Or no, Errollyn corrected himself…not disdainful. It was too strong a word for Kessligh, in speaking of his interaction with people for whom he had limited respect. Such people Kessligh merely looked past, as a master composer might regard some insignificant student, barely hearing a word they said while, in his head, already composing his next great music.

The captain rode off in frustration. Kessligh set about explaining some things to several of the younger riders-one of them Daish-escapees from the Tol'rhen in Tracato. He beckoned to Errollyn too, with some annoyance.

“…all men of one house,” Kessligh was telling the youngsters, pointing to the bodies on the ground. “That's the problem with feudal forces: the division of responsibility falls along lines of lineage and power, not of capability. These are men-at-arms and a few half-nobility from the same lands in Meraine; they're after spoils, probably they volunteered.”

“They're just trying to sow terror,” Daish muttered, looking back to the still-burning village of Hershery. “Arrosh himself ordered this.”

Kessligh nodded. “But it's the opportunists who volunteer to carry out the orders.
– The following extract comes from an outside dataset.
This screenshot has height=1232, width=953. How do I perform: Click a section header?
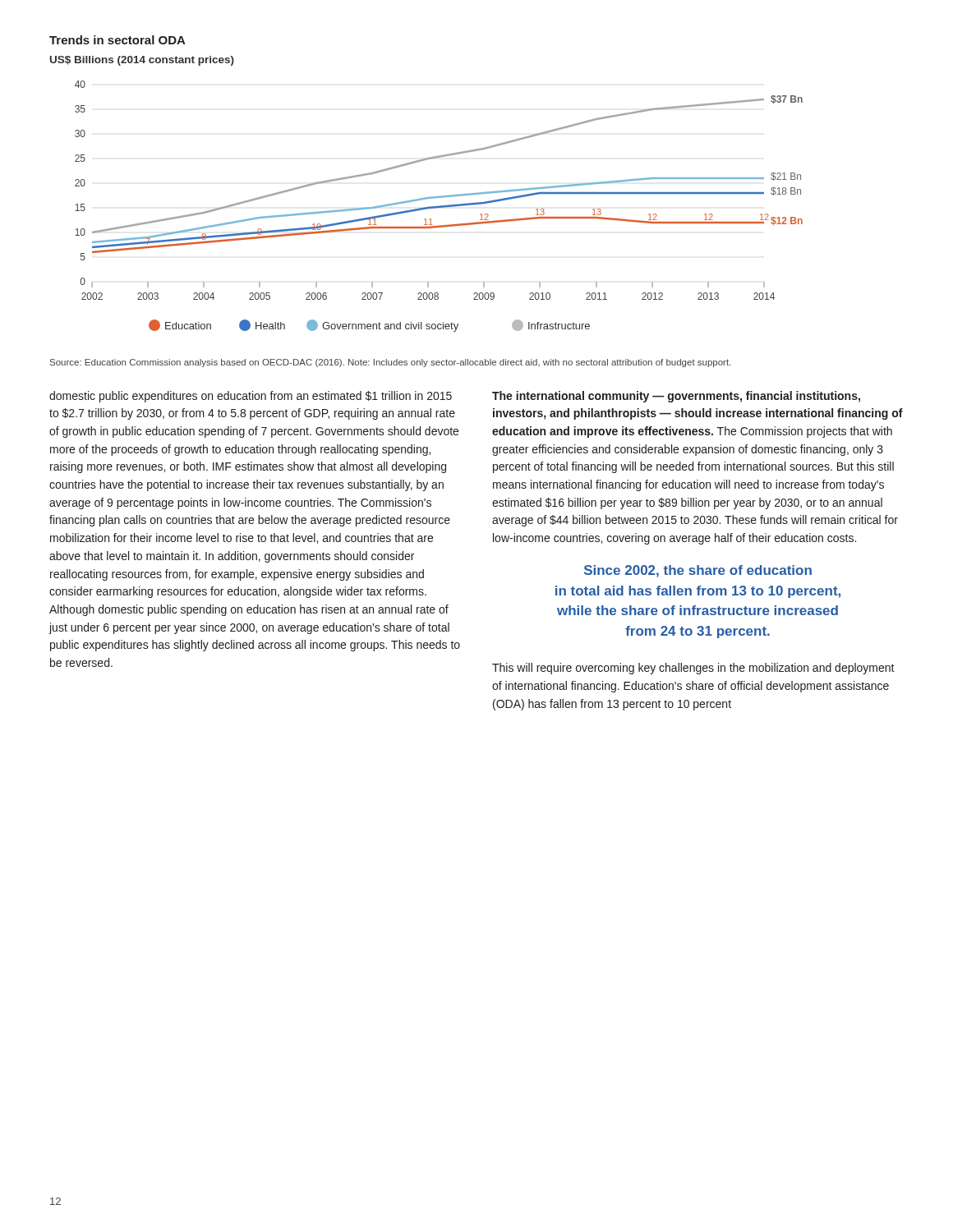pos(117,40)
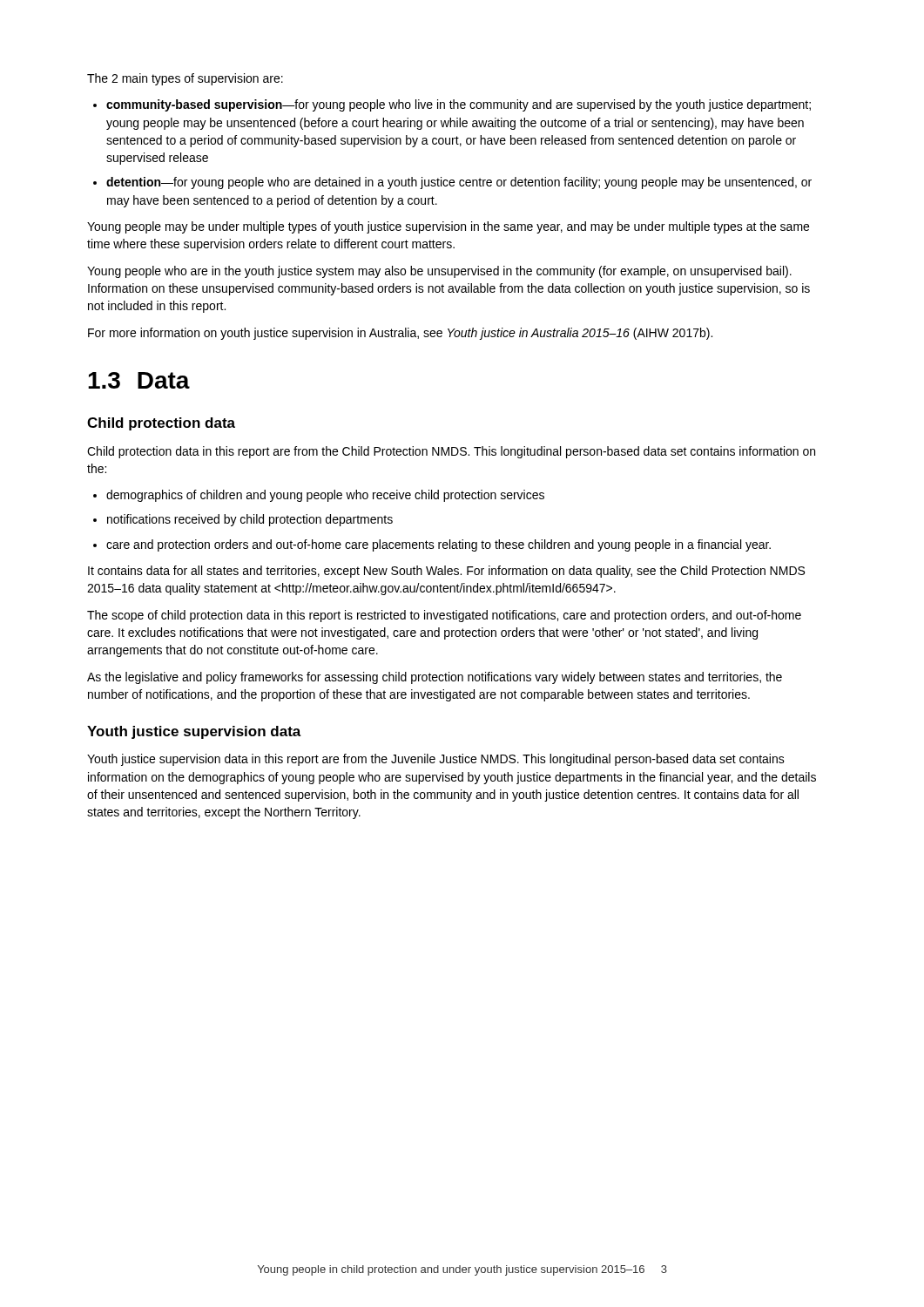
Task: Locate the block of text that opens with "As the legislative and policy frameworks for"
Action: point(453,686)

We've an opening here; such men are not natural scouts, they cling to their groups for protection rather than strategy, and don't understand the advantage of the land as Lenay cavalry might. Now let's be off before their friends come to check on the delay.”

There were three prisoners, on their knees still with hands on their heads. There was no possibility of taking them along, they had not the forces to spare for guarding them. And from the terrified looks on their faces, it seemed they knew it. Errollyn took his bow in hand, but Kessligh issued the orders elsewhere, and gave Errollyn an irritated gesture to mount up.

“It's easier to do it from range than let the kids get their hands bloody,” Errollyn explained as they rode away from Hershery.

“You've killed enough,” Kessligh said shortly.

“I don't mind.”

“I know,” said Kessligh. “That's the problem.”

It was the kind of thing Sasha would have said. Or rather, it was the kind of thing a certain Sasha would have said perhaps a month or two ago. Lately, Errollyn didn't think she'd have minded any more than he did.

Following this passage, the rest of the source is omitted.